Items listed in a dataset
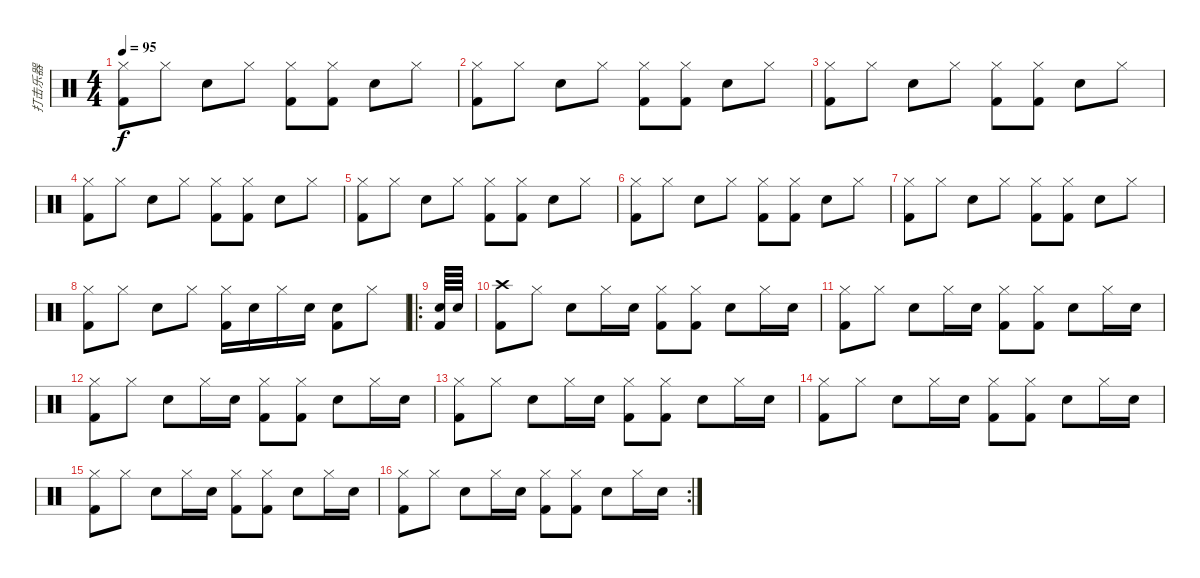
\track ("打击乐器" "打击乐器") {instrument percussion}
\staff {score}
\articulation defaults
\ts (4 4)
\tempo 95
\clef neutral
\ks c
("Hi-Hat (closed)" "Kick (hit) 2").8{dy f} "Hi-Hat (closed)".8 "Snare (hit) 2".8 "Hi-Hat (closed)".8 ("Hi-Hat (closed)" "Kick (hit) 2").8 ("Hi-Hat (closed)" "Kick (hit) 2").8 "Snare (hit) 2".8 "Hi-Hat (closed)".8 |
("Hi-Hat (closed)" "Kick (hit) 2").8 "Hi-Hat (closed)".8 "Snare (hit) 2".8 "Hi-Hat (closed)".8 ("Hi-Hat (closed)" "Kick (hit) 2").8 ("Hi-Hat (closed)" "Kick (hit) 2").8 "Snare (hit) 2".8 "Hi-Hat (closed)".8 |
("Hi-Hat (closed)" "Kick (hit) 2").8 "Hi-Hat (closed)".8 "Snare (hit) 2".8 "Hi-Hat (closed)".8 ("Hi-Hat (closed)" "Kick (hit) 2").8 ("Hi-Hat (closed)" "Kick (hit) 2").8 "Snare (hit) 2".8 "Hi-Hat (closed)".8 |
("Hi-Hat (closed)" "Kick (hit) 2").8 "Hi-Hat (closed)".8 "Snare (hit) 2".8 "Hi-Hat (closed)".8 ("Hi-Hat (closed)" "Kick (hit) 2").8 ("Hi-Hat (closed)" "Kick (hit) 2").8 "Snare (hit) 2".8 "Hi-Hat (closed)".8 |
("Hi-Hat (closed)" "Kick (hit) 2").8 "Hi-Hat (closed)".8 "Snare (hit) 2".8 "Hi-Hat (closed)".8 ("Hi-Hat (closed)" "Kick (hit) 2").8 ("Hi-Hat (closed)" "Kick (hit) 2").8 "Snare (hit) 2".8 "Hi-Hat (closed)".8 |
("Hi-Hat (closed)" "Kick (hit) 2").8 "Hi-Hat (closed)".8 "Snare (hit) 2".8 "Hi-Hat (closed)".8 ("Hi-Hat (closed)" "Kick (hit) 2").8 ("Hi-Hat (closed)" "Kick (hit) 2").8 "Snare (hit) 2".8 "Hi-Hat (closed)".8 |
("Hi-Hat (closed)" "Kick (hit) 2").8 "Hi-Hat (closed)".8 "Snare (hit) 2".8 "Hi-Hat (closed)".8 ("Hi-Hat (closed)" "Kick (hit) 2").8 ("Hi-Hat (closed)" "Kick (hit) 2").8 "Snare (hit) 2".8 "Hi-Hat (closed)".8 |
("Hi-Hat (closed)" "Kick (hit) 2").8 "Hi-Hat (closed)".8 "Snare (hit) 2".8 "Hi-Hat (closed)".8 ("Hi-Hat (closed)" "Kick (hit) 2").16 "Snare (hit) 2".16 "Hi-Hat (closed)".16 "Snare (hit) 2".16 ("Snare (hit) 2" "Kick (hit) 2").8 "Hi-Hat (closed)".8 |
\ro
("Snare (hit) 2" "Kick (hit) 2").64 "Snare (hit) 2".64 |
("Crash high (hit)" "Kick (hit) 2").8 "Hi-Hat (closed)".8 "Snare (hit) 2".8 "Hi-Hat (closed)".16 "Snare (hit) 2".16 ("Hi-Hat (closed)" "Kick (hit) 2").8 ("Hi-Hat (closed)" "Kick (hit) 2").8 "Snare (hit) 2".8 "Hi-Hat (closed)".16 "Snare (hit) 2".16 |
("Hi-Hat (closed)" "Kick (hit) 2").8 "Hi-Hat (closed)".8 "Snare (hit) 2".8 "Hi-Hat (closed)".16 "Snare (hit) 2".16 ("Hi-Hat (closed)" "Kick (hit) 2").8 ("Hi-Hat (closed)" "Kick (hit) 2").8 "Snare (hit) 2".8 "Hi-Hat (closed)".16 "Snare (hit) 2".16 |
("Hi-Hat (closed)" "Kick (hit) 2").8 "Hi-Hat (closed)".8 "Snare (hit) 2".8 "Hi-Hat (closed)".16 "Snare (hit) 2".16 ("Hi-Hat (closed)" "Kick (hit) 2").8 ("Hi-Hat (closed)" "Kick (hit) 2").8 "Snare (hit) 2".8 "Hi-Hat (closed)".16 "Snare (hit) 2".16 |
("Hi-Hat (closed)" "Kick (hit) 2").8 "Hi-Hat (closed)".8 "Snare (hit) 2".8 "Hi-Hat (closed)".16 "Snare (hit) 2".16 ("Hi-Hat (closed)" "Kick (hit) 2").8 ("Hi-Hat (closed)" "Kick (hit) 2").8 "Snare (hit) 2".8 "Hi-Hat (closed)".16 "Snare (hit) 2".16 |
("Hi-Hat (closed)" "Kick (hit) 2").8 "Hi-Hat (closed)".8 "Snare (hit) 2".8 "Hi-Hat (closed)".16 "Snare (hit) 2".16 ("Hi-Hat (closed)" "Kick (hit) 2").8 ("Hi-Hat (closed)" "Kick (hit) 2").8 "Snare (hit) 2".8 "Hi-Hat (closed)".16 "Snare (hit) 2".16 |
("Hi-Hat (closed)" "Kick (hit) 2").8 "Hi-Hat (closed)".8 "Snare (hit) 2".8 "Hi-Hat (closed)".16 "Snare (hit) 2".16 ("Hi-Hat (closed)" "Kick (hit) 2").8 ("Hi-Hat (closed)" "Kick (hit) 2").8 "Snare (hit) 2".8 "Hi-Hat (closed)".16 "Snare (hit) 2".16 |
\rc 2
("Hi-Hat (closed)" "Kick (hit) 2").8 "Hi-Hat (closed)".8 "Snare (hit) 2".8 "Hi-Hat (closed)".16 "Snare (hit) 2".16 ("Hi-Hat (closed)" "Kick (hit) 2").8 ("Hi-Hat (closed)" "Kick (hit) 2").8 "Snare (hit) 2".8 "Hi-Hat (closed)".16 "Snare (hit) 2".16
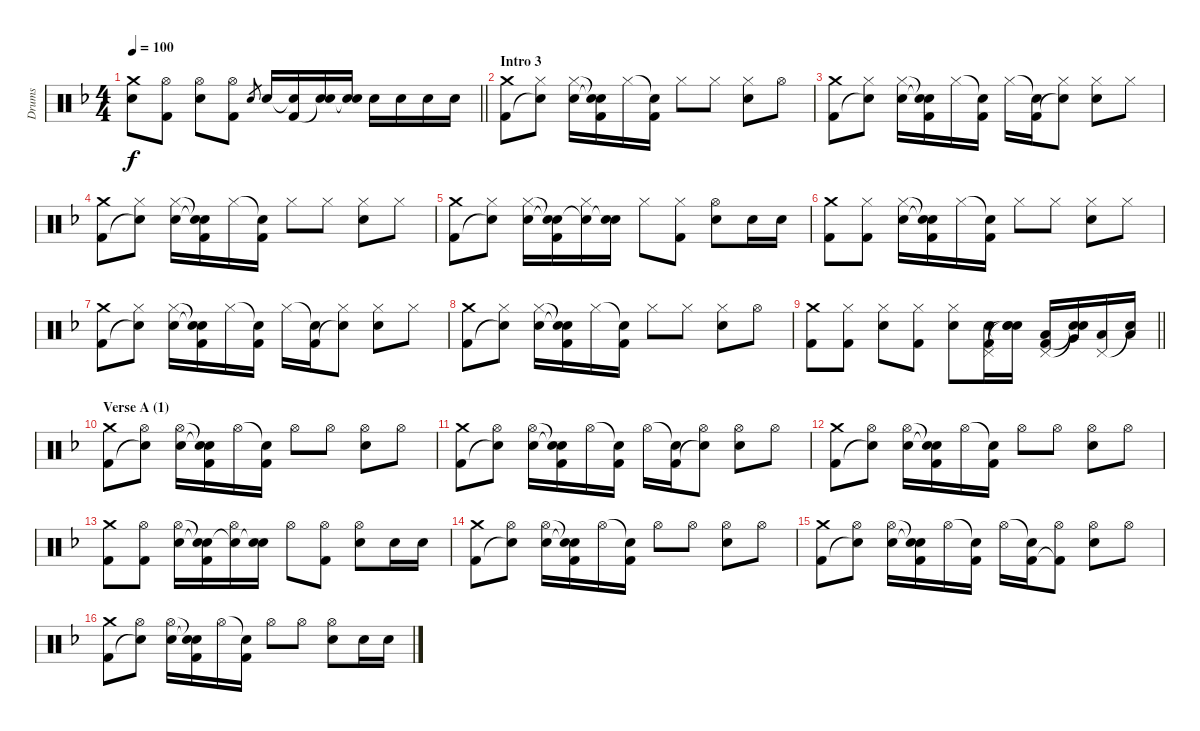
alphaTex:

\track ("Drums" "Drums") {instrument percussion}
\staff {score}
\articulation defaults
\ts (4 4)
\tempo 100
\clef neutral
\barLineRight lightlight
\ks dminor
("Crash medium (hit)" "Electric Snare (hit)").8{dy f} ("Hi-Hat (open)" "Kick (hit) 2").8 ("Hi-Hat (open)" "Electric Snare (hit)").8 ("Hi-Hat (open)" "Kick (hit) 2").8 "Electric Snare (hit)".8{gr} "Electric Snare (hit)".16 ("Snare (hit)"{t} "Kick (hit) 2").16 ("Electric Snare (hit)" "Snare (hit)"{t}).16 ("Electric Snare (hit)" "Snare (hit)"{t}).16 "Electric Snare (hit)".16 "Electric Snare (hit)".16 "Electric Snare (hit)".16 "Electric Snare (hit)".16 |
\section ("" "Intro 3")
("Crash medium (hit)" "Kick (hit) 2").8 ("Hi-Hat (closed)" "Snare (hit)"{t}).8 ("Hi-Hat (closed)" "Electric Snare (hit)").16 ("Snare (hit)"{t} "Snare (hit)"{t} "Kick (hit) 2").16 "Hi-Hat (closed)".16 ("Snare (hit)"{t} "Kick (hit) 2").16 "Hi-Hat (closed)".8 "Hi-Hat (closed)".8 ("Hi-Hat (closed)" "Electric Snare (hit)").8 "Hi-Hat (open)".8 |
("Crash medium (hit)" "Kick (hit) 2").8 ("Hi-Hat (closed)" "Snare (hit)"{t}).8 ("Hi-Hat (closed)" "Electric Snare (hit)").16 ("Snare (hit)"{t} "Snare (hit)"{t} "Kick (hit) 2").16 "Hi-Hat (closed)".16 ("Snare (hit)"{t} "Kick (hit) 2").16 "Hi-Hat (closed)".16 ("Snare (hit)"{t} "Kick (hit) 2").16 ("Hi-Hat (closed)" "Snare (hit)"{t}).8 ("Hi-Hat (closed)" "Electric Snare (hit)").8 "Hi-Hat (closed)".8 |
("Crash medium (hit)" "Kick (hit) 2").8 ("Hi-Hat (closed)" "Snare (hit)"{t}).8 ("Hi-Hat (closed)" "Electric Snare (hit)").16 ("Snare (hit)"{t} "Snare (hit)"{t} "Kick (hit) 2").16 "Hi-Hat (closed)".16 ("Snare (hit)"{t} "Kick (hit) 2").16 "Hi-Hat (closed)".8 "Hi-Hat (closed)".8 ("Hi-Hat (closed)" "Electric Snare (hit)").8 "Hi-Hat (closed)".8 |
("Crash medium (hit)" "Kick (hit) 2").8 ("Hi-Hat (closed)" "Snare (hit)"{t}).8 ("Hi-Hat (closed)" "Electric Snare (hit)").16 ("Snare (hit)"{t} "Snare (hit)"{t} "Kick (hit) 2").16 ("Hi-Hat (closed)" "Snare (hit)"{t}).16 ("Electric Snare (hit)" "Snare (hit)"{t}).16 "Hi-Hat (closed)".8 ("Hi-Hat (closed)" "Kick (hit) 2").8 ("Hi-Hat (open)" "Electric Snare (hit)").8 "Electric Snare (hit)".16 "Electric Snare (hit)".16 |
("Crash medium (hit)" "Kick (hit) 2").8 ("Hi-Hat (closed)" "Kick (hit) 2").8 ("Hi-Hat (closed)" "Electric Snare (hit)").16 ("Snare (hit)"{t} "Snare (hit)"{t} "Kick (hit) 2").16 "Hi-Hat (closed)".16 ("Snare (hit)"{t} "Kick (hit) 2").16 "Hi-Hat (closed)".8 "Hi-Hat (closed)".8 ("Hi-Hat (closed)" "Electric Snare (hit)").8 "Hi-Hat (closed)".8 |
("Crash medium (hit)" "Kick (hit) 2").8 ("Hi-Hat (closed)" "Snare (hit)"{t}).8 ("Hi-Hat (closed)" "Electric Snare (hit)").16 ("Snare (hit)"{t} "Snare (hit)"{t} "Kick (hit) 2").16 "Hi-Hat (closed)".16 ("Snare (hit)"{t} "Kick (hit) 2").16 "Hi-Hat (closed)".16 ("Snare (hit)"{t} "Kick (hit) 2").16 ("Hi-Hat (closed)" "Snare (hit)"{t}).8 ("Hi-Hat (closed)" "Electric Snare (hit)").8 "Hi-Hat (closed)".8 |
("Crash medium (hit)" "Kick (hit) 2").8 ("Hi-Hat (closed)" "Snare (hit)"{t}).8 ("Hi-Hat (closed)" "Electric Snare (hit)").16 ("Snare (hit)"{t} "Snare (hit)"{t} "Kick (hit) 2").16 "Hi-Hat (closed)".16 ("Snare (hit)"{t} "Kick (hit) 2").16 "Hi-Hat (closed)".8 "Hi-Hat (closed)".8 ("Hi-Hat (closed)" "Electric Snare (hit)").8 "Hi-Hat (open)".8 |
\barLineRight lightlight
("Crash medium (hit)" "Kick (hit) 2").8 ("Hi-Hat (closed)" "Kick (hit) 2").8 ("Hi-Hat (closed)" "Electric Snare (hit)").8 ("Hi-Hat (closed)" "Kick (hit) 2").8 ("Hi-Hat (closed)" "Electric Snare (hit)").8 ("Pedal Hi-Hat (hit)" "Electric Snare (hit)" "Kick (hit) 2").16 ("Snare (hit)"{t} "Electric Snare (hit)" "Snare (hit)"{t}).16 ("Pedal Hi-Hat (hit)" "Low Tom (hit)" "Kick (hit) 2").16 ("Snare (hit)"{t} "Very Low Tom (hit)" "Snare (hit)"{t}).16 ("Pedal Hi-Hat (hit)" "Low Floor Tom (hit)").16 ("Snare (hit)"{t} "Low Floor Tom (hit)").16 |
\section ("" "Verse A (1)")
("Crash medium (hit)" "Kick (hit) 2").8 ("Hi-Hat (open)" "Snare (hit)"{t}).8 ("Hi-Hat (open)" "Electric Snare (hit)").16 ("Snare (hit)"{t} "Snare (hit)"{t} "Kick (hit) 2").16 "Hi-Hat (open)".16 ("Snare (hit)"{t} "Kick (hit) 2").16 "Hi-Hat (open)".8 "Hi-Hat (open)".8 ("Hi-Hat (open)" "Electric Snare (hit)").8 "Hi-Hat (open)".8 |
("Crash medium (hit)" "Kick (hit) 2").8 ("Hi-Hat (open)" "Snare (hit)"{t}).8 ("Hi-Hat (open)" "Electric Snare (hit)").16 ("Snare (hit)"{t} "Snare (hit)"{t} "Kick (hit) 2").16 "Hi-Hat (open)".16 ("Snare (hit)"{t} "Kick (hit) 2").16 "Hi-Hat (open)".16 ("Snare (hit)"{t} "Kick (hit) 2").16 ("Hi-Hat (open)" "Snare (hit)"{t}).8 ("Hi-Hat (open)" "Electric Snare (hit)").8 "Hi-Hat (open)".8 |
("Crash medium (hit)" "Kick (hit) 2").8 ("Hi-Hat (open)" "Snare (hit)"{t}).8 ("Hi-Hat (open)" "Electric Snare (hit)").16 ("Snare (hit)"{t} "Snare (hit)"{t} "Kick (hit) 2").16 "Hi-Hat (open)".16 ("Snare (hit)"{t} "Kick (hit) 2").16 "Hi-Hat (open)".8 "Hi-Hat (open)".8 ("Hi-Hat (open)" "Electric Snare (hit)").8 "Hi-Hat (open)".8 |
("Crash medium (hit)" "Kick (hit) 2").8 ("Hi-Hat (open)" "Kick (hit) 2").8 ("Hi-Hat (open)" "Electric Snare (hit)").16 ("Snare (hit)"{t} "Snare (hit)"{t} "Kick (hit) 2").16 ("Hi-Hat (open)" "Snare (hit)"{t}).16 ("Electric Snare (hit)" "Snare (hit)"{t}).16 "Hi-Hat (open)".8 ("Hi-Hat (open)" "Kick (hit) 2").8 ("Hi-Hat (open)" "Electric Snare (hit)").8 "Electric Snare (hit)".16 "Electric Snare (hit)".16 |
("Crash medium (hit)" "Kick (hit) 2").8 ("Hi-Hat (open)" "Snare (hit)"{t}).8 ("Hi-Hat (open)" "Electric Snare (hit)").16 ("Snare (hit)"{t} "Snare (hit)"{t} "Kick (hit) 2").16 "Hi-Hat (open)".16 ("Snare (hit)"{t} "Kick (hit) 2").16 "Hi-Hat (open)".8 "Hi-Hat (open)".8 ("Hi-Hat (open)" "Electric Snare (hit)").8 "Hi-Hat (open)".8 |
("Crash medium (hit)" "Kick (hit) 2").8 ("Hi-Hat (open)" "Snare (hit)"{t}).8 ("Hi-Hat (open)" "Electric Snare (hit)").16 ("Snare (hit)"{t} "Snare (hit)"{t} "Kick (hit) 2").16 "Hi-Hat (open)".16 ("Snare (hit)"{t} "Kick (hit) 2").16 "Hi-Hat (open)".16 ("Snare (hit)"{t} "Kick (hit) 2").16 ("Hi-Hat (open)" "Kick (hit) 2"{t}).8 ("Hi-Hat (open)" "Electric Snare (hit)").8 "Hi-Hat (open)".8 |
("Crash medium (hit)" "Kick (hit) 2").8 ("Hi-Hat (open)" "Snare (hit)"{t}).8 ("Hi-Hat (open)" "Electric Snare (hit)").16 ("Snare (hit)"{t} "Snare (hit)"{t} "Kick (hit) 2").16 "Hi-Hat (open)".16 ("Snare (hit)"{t} "Kick (hit) 2").16 "Hi-Hat (open)".8 "Hi-Hat (open)".8 ("Hi-Hat (open)" "Electric Snare (hit)").8 "Electric Snare (hit)".16 "Electric Snare (hit)".16

> Work to be completed
Your reply should be one number: how many lines in the entries above contain the word "instrument".

> Exercise result
2